Subsequently, the heirs of Napoleon Castro sued for damages, impleading Jimmy B. Abon, Roberto C. Ungos and the
officers of BCF.
ISSUE: WON petitioners (school officers) can be held solidarity liable with Jimmy B. Abon for damages under Article 2180
of the Civil Code, as a consequence of the tortious act of Jimmy B. Abon.
Under the penultimate paragraph of Art. 2180 of the Civil Code, teachers or heads of establishments of arts and trades
are liable for "damages caused by their pupils and students or apprentices, so long as they remain in their custody."
The rationale of such liability is that so long as the student remains in the custody of a teacher, the latter "stands, to a
certain extent, in loco parentis [as to the student] and is called upon to exercise reasonable supervision over the conduct
of the student." Likewise, the phrase used in Art. 2180 so long as the students remain in their custody pertains to the
protective and supervisory custody that the school and its heads and teachers exercise over the pupils and students for as
long as they are at attendance in the school, including recess time.
In the ruling of the IAC, it reasoned that while it is true that Abon was not attending any class or school function at the time
of the shooting incident, which was at about 8 o'clock in the evening; however, considering that Abon was employed as an
armorer and property custodian of the BCF ROTC unit, he must have been attending night classes and therefore that hour
in the evening was just about dismissal time for him or soon thereafter. That time interval is recess time.
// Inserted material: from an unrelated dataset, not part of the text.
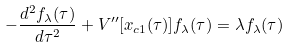<formula> <loc_0><loc_0><loc_500><loc_500>- \frac { d ^ { 2 } f _ { \lambda } ( \tau ) } { d \tau ^ { 2 } } + V ^ { \prime \prime } [ x _ { c 1 } ( \tau ) ] f _ { \lambda } ( \tau ) = \lambda f _ { \lambda } ( \tau )</formula>

However, the SC ruled that in line with the case of Palisoc, a student not "at attendance in the school" cannot be in
"recess" thereat. A "recess," as the concept is embraced in the phrase "at attendance in the school," contemplates a
situation of temporary adjournment of school activities where the student still remains within call of his mentor and is not
permitted to leave the school premises, or the area within which the school activity is conducted. Recess by its nature
does not include dismissal. Likewise, the mere fact of being enrolled or being in the premises of a school without more
does not constitute "attending school" or being in the "protective and supervisory custody' of the school, as contemplated
in the law.
Upon the foregoing considerations, Jimmy B. Abon cannot be considered to have been "at attendance in the
school," or in the custody of BCF, when he shot Napoleon Castro.
The record shows that before the shooting incident, Roberto B. Ungos had instructed Jimmy B. Abon "not to leave the
office and to keep the armory well guarded." Apart from negating a finding that Jimmy B. Abon was under the custody of

the school when he committed the act for which the petitioners are sought to be held liable, this circumstance shows that
Jimmy B. Abon was supposed to be working in the armory with definite instructions from his superior, the ROTC
Commandant, when he shot Napoleon Castro.